→ **Material provided**
▼▼▼
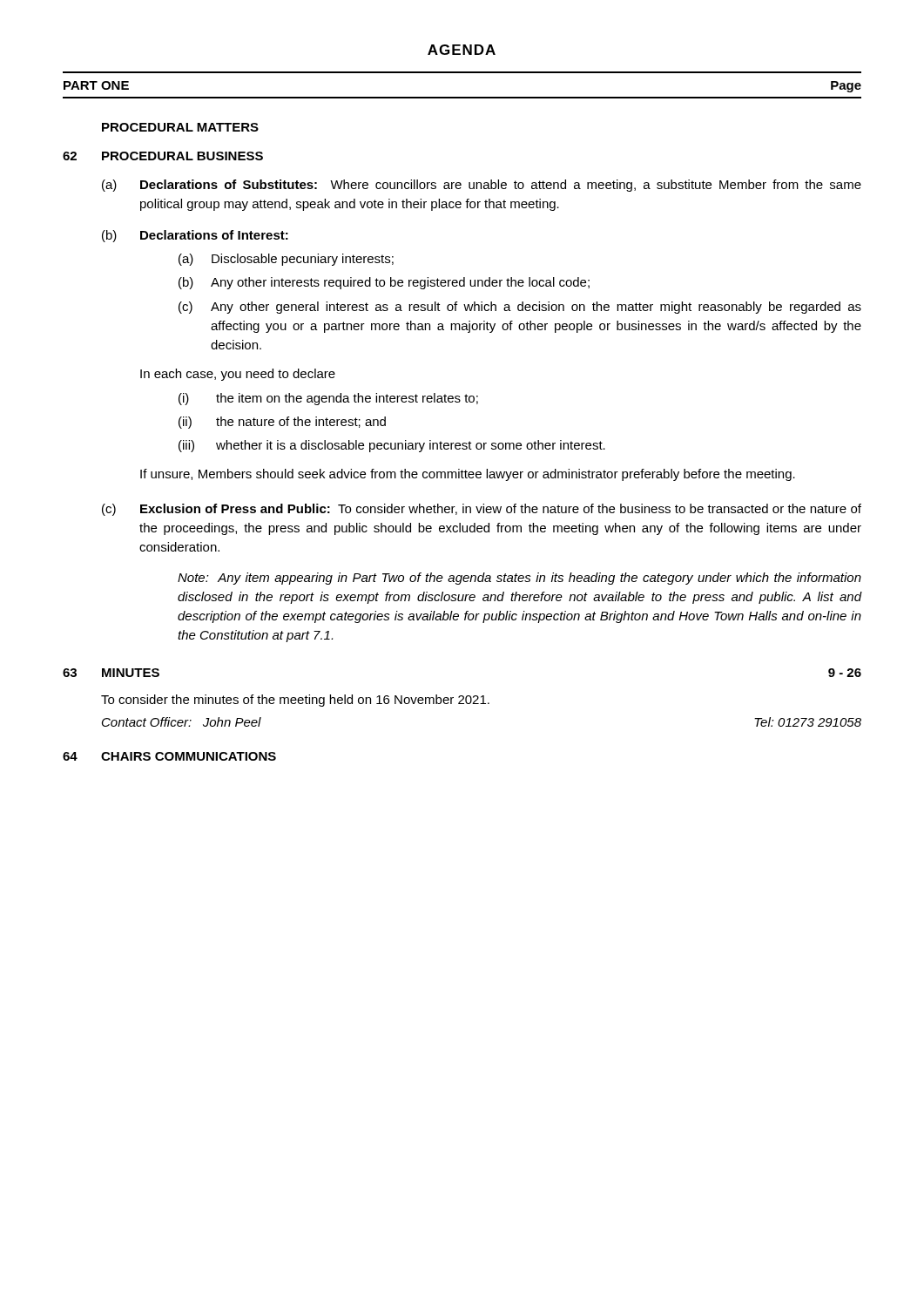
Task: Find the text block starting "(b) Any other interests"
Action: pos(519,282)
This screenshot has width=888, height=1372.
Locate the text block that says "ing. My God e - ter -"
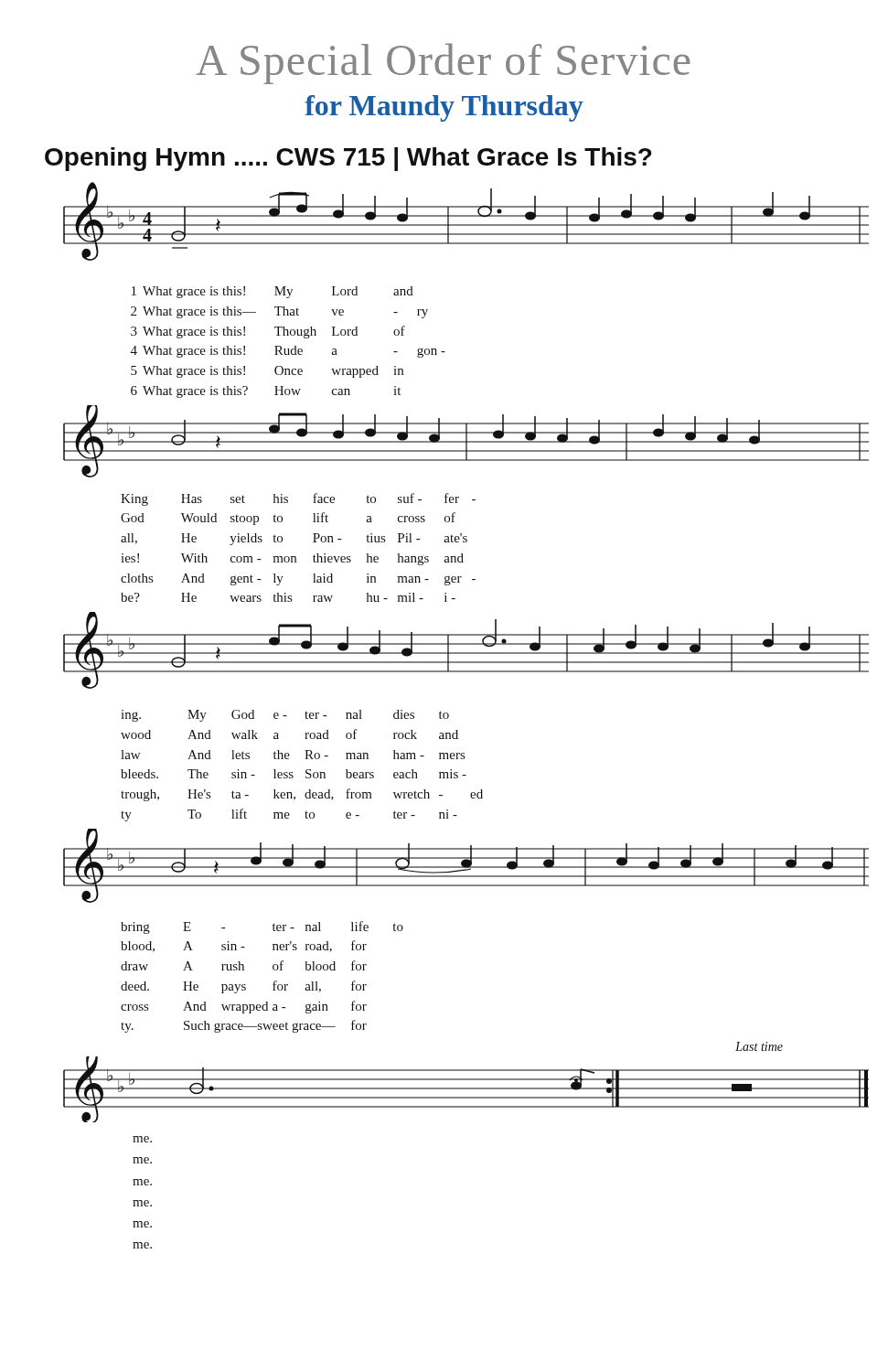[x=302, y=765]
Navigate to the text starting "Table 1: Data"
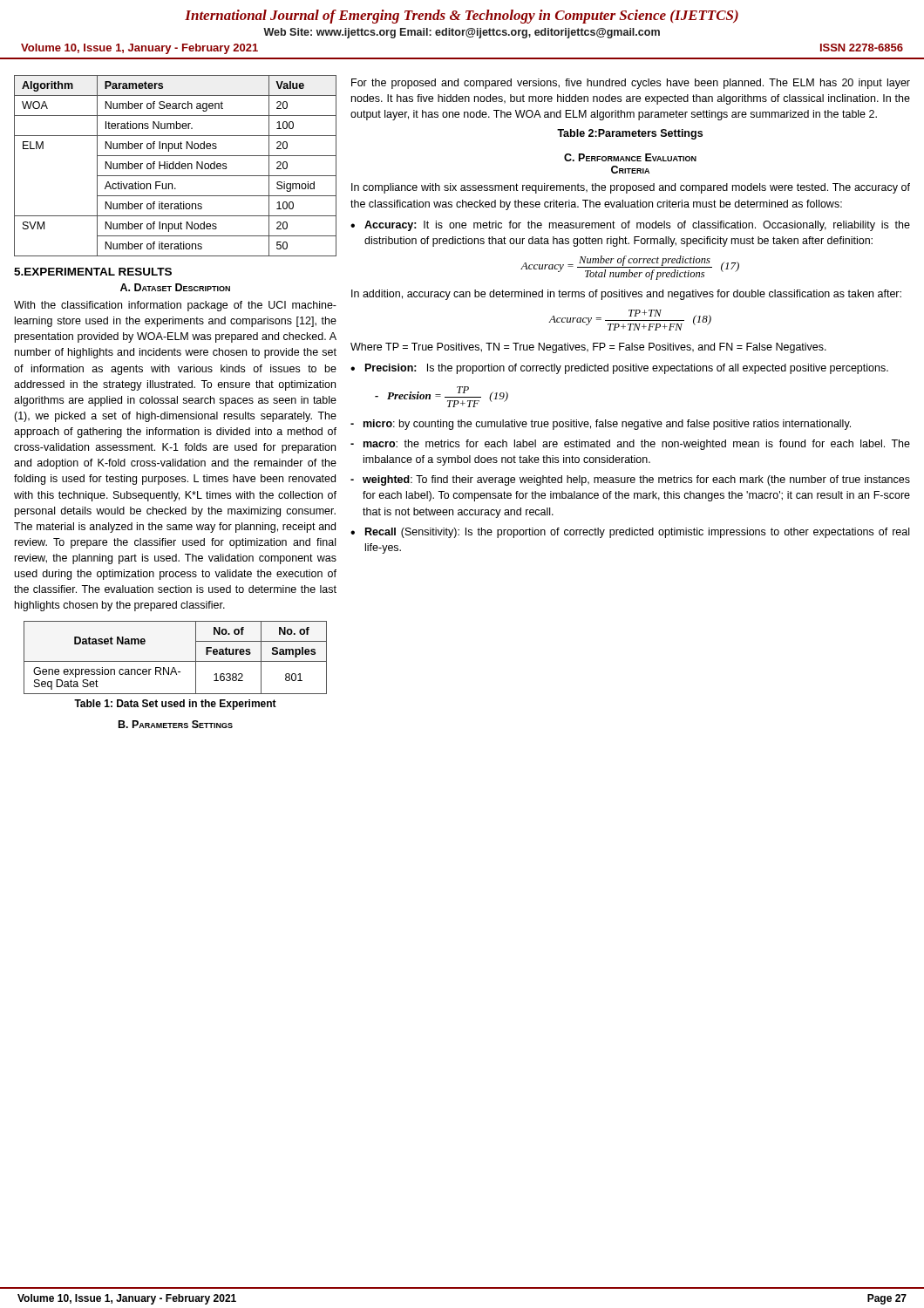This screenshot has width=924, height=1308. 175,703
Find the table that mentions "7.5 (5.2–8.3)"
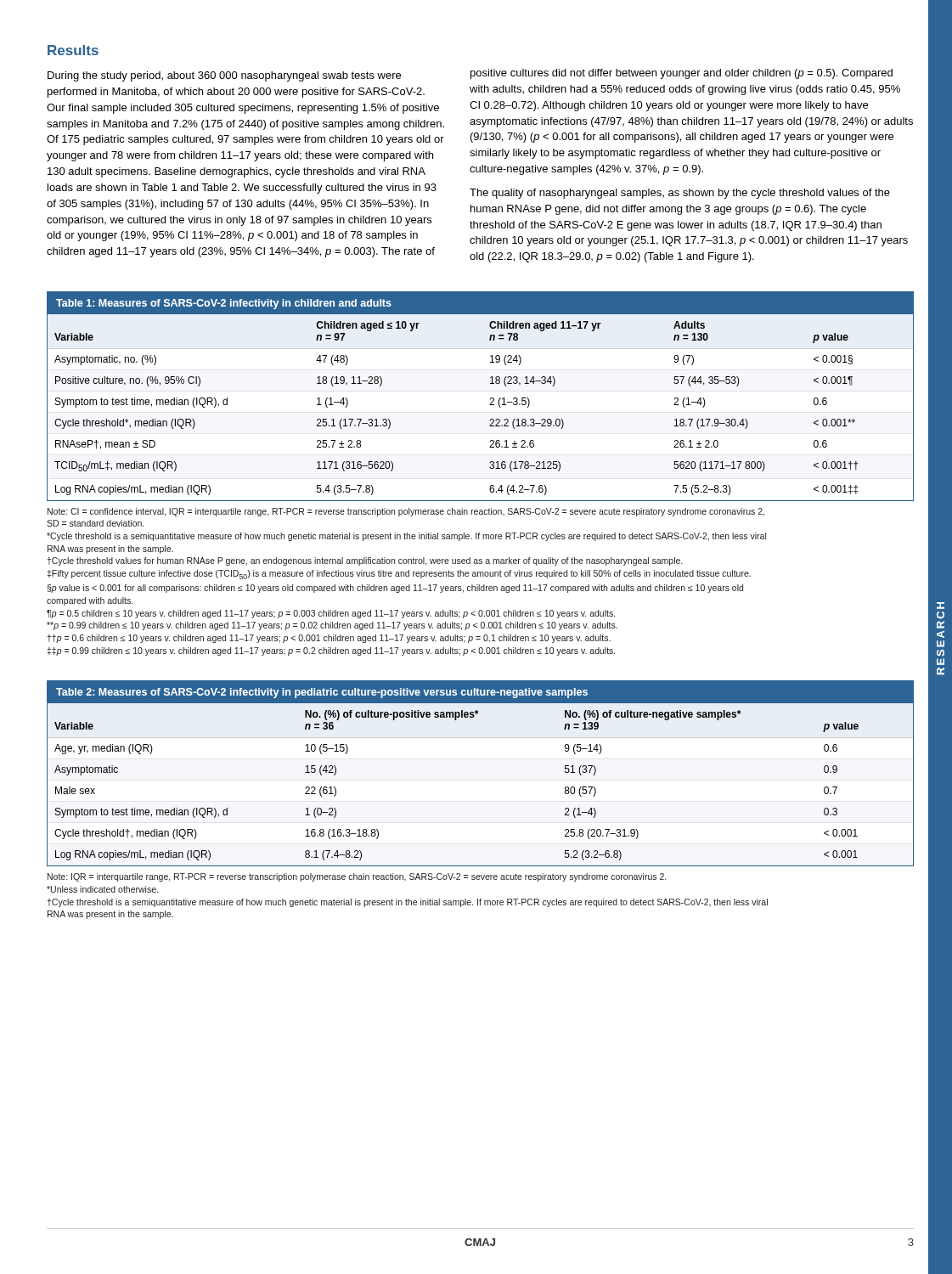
▲▲▲
→ **Activity**
Leaving the pictures aside, transcribe exactly the lines from the one containing "Locate the text" to the final line of the entries above, both ends included.

→ **Solution**
Locate the text block that says "ing. My God e - ter -"
[x=302, y=765]
Navigate to the text starting "Table 1: Data"
This screenshot has width=924, height=1308. 175,703
Find the table that mentions "7.5 (5.2–8.3)"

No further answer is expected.